Workshop on Apache Spark covering following topics:
 - Overview of Apache Spark
 - Spark execution model
 - Programming in Spark
 - Spark SQL
 - Spark Streaming

Level: Intermediate

Register now - Entry is free for limited period.

Apache Spark started as a project at AMP Labs in Berkeley. Today it is one of the most active open source projects. In this workshop, we will uncover key components of Apache Spark.

Apache Spark builds a Directed Acyclic Graph (DAG) of tasks split in to stages where the tasks are parallelized as much as possible before shuffling of data. We will discuss the execution paradigm in Spark along with in-memory/cache based persistence and processing of data giving it unique performance advantage.

Details will be discussed on how to program with Spark and use its API. Resilient Distributed Datasets (RDD) are parallelized collections of data sets and can be operated in parallel as distributed data set. There is a huge list of operators that can be used to do a transformation or action operation on the RDD.

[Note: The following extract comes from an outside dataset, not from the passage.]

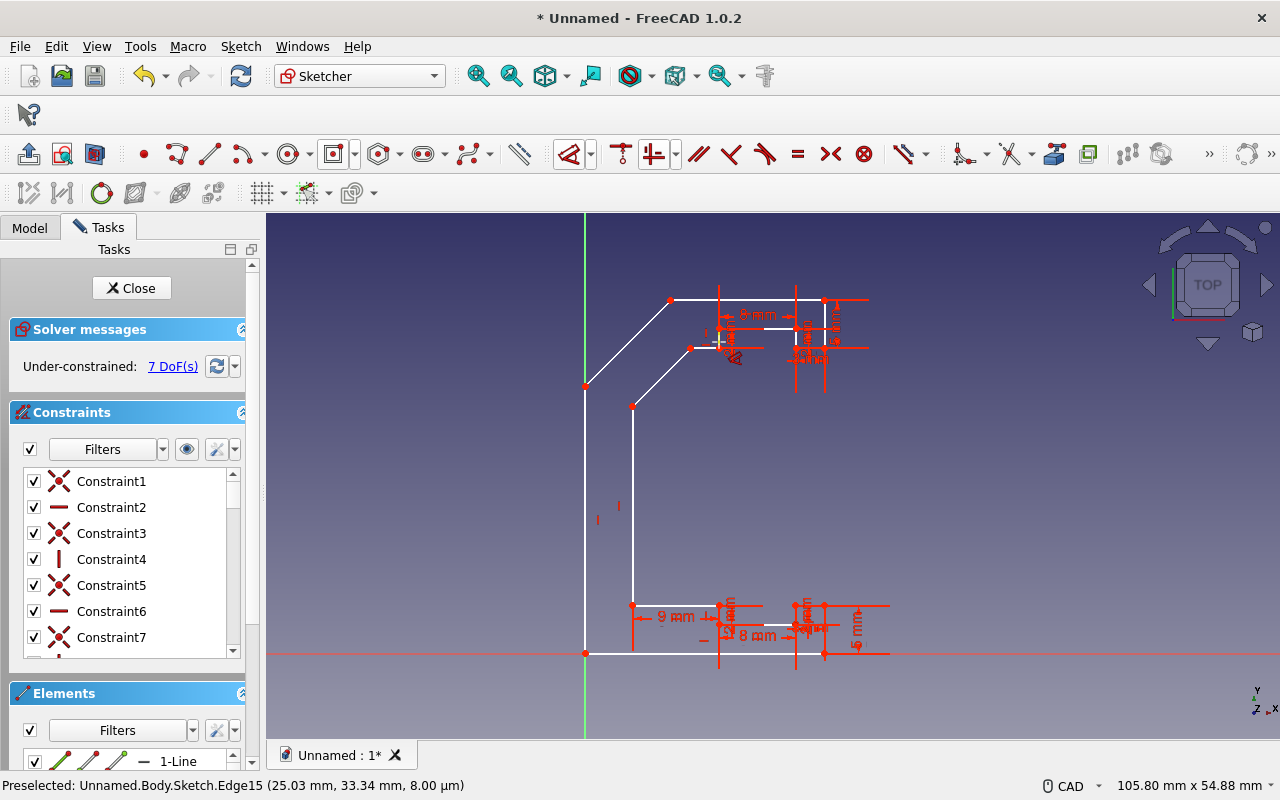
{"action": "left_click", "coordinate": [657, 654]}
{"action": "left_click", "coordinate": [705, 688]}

Spark SQL is becoming a preferred choice of doing exploratory analytics on data. DataFrames are available as programming abstraction which provide convenient way of doing complex operations with its API. Coupled with a powerful Catalyst optimization engine, Spark SQL can run with or without Hive and will be discussed in detail as part of this workshop.

Streaming is one of the hottest areas in big data arena with a wide scope for near real time application development. Easily integrable with other modules of Spark, it provides a powerful way of doing micro-batch analytics. We take a look at some examples of real time streaming.